Officials Optimistic on Wisconsin Job Creation Despite July Setback


MacIver News Service
| August 18, 2011

[Madison, Wisc…] Wisconsin’s economic recovery stumbled in July as jobless numbers increased and the state lost jobs in the private sector.

According to data provided by the Bureau of Labor Statistics, the seasonally adjusted unemployment rate increased to 7.8 percent and the overall seasonally adjusted jobs numbers declined by 8,200.

Durable goods manufacturing increased by 2,000 jobs while wholesale trade, accommodation/food services, and mining/logging showed modest increases. However overall the private sector shed 12,500 jobs.

“Wisconsin is not immune to the national economic slowdown this summer, and we are seeing the effects of the national economy in our July numbers,” Wisconsin Department of Workforce Development Secretary Baumbach said. “The wild market fluctuations during the debt ceiling negotiations, the European debt crisis and other factors contributed to a great deal of uncertainty, which may very well have affected Wisconsin’s job numbers given our state’s ties to the national economy.”

Despite the negative July numbers, overall job creation is still on the rise in Wisconsin. Estimated net employment over the last 12 months grew by nearly 30,000 or 1.1 percent with half of that growth coming from the manufacturing sector. Meanwhile, in the last year the state government shed 6,600 jobs.

Bob Borremans, executive director of the Southwest Wisconsin Workforce Development Board, told the MacIver News Service the numbers are surprising given the activity he’s seen at county job centers.

“We’re seeing more and more job orders. We’re seeing more and more requests for job fairs,” Borremans said. “I’m surprised.”

Borremans mentioned there are several big expansions in south central Wisconsin that are either hiring now or will be within the next few months including Mercy Hospital, Kettle Foods, and Stoughton Trailers.

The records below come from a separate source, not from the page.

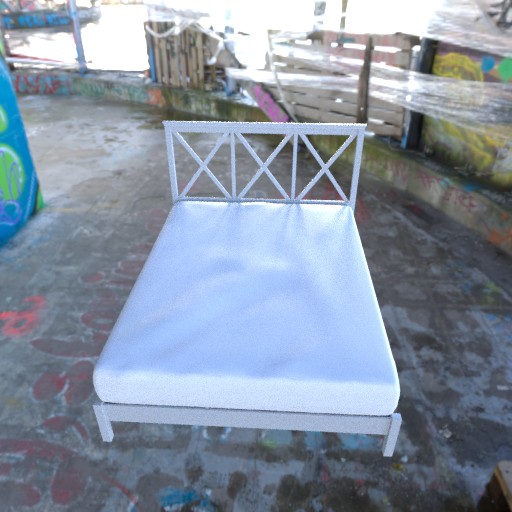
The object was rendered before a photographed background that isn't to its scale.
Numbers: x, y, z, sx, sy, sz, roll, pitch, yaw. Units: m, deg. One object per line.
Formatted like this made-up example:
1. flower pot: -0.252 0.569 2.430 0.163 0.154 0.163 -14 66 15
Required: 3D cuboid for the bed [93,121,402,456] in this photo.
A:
1. bed: 0.000 0.000 3.081 1.673 1.253 2.135 2 32 3

In fact, Job postings on www.JobCenterofWisconsin.com have exceeded 33,000 this week. Manufacturers and other employers are hiring. The July unemployment rate, while increasing, remains below the 8.2 percent level of a year ago

“I would have thought things would have been a bit more optimistic,” he said. One explanation Borremans offered was the recall elections this summer might have given some employers reason to pause.

“There was a lot of uncertainty [in Madison], but I don’t know if that’s what’s being reflected on the ground,” he said.

One Wisconsin lawmaker said the increasingly common use of class warfare rhetoric, the out of control federal spending, and the continuing badmouthing of job creators by politicians here and in Washington is hurting job creation prospects everywhere.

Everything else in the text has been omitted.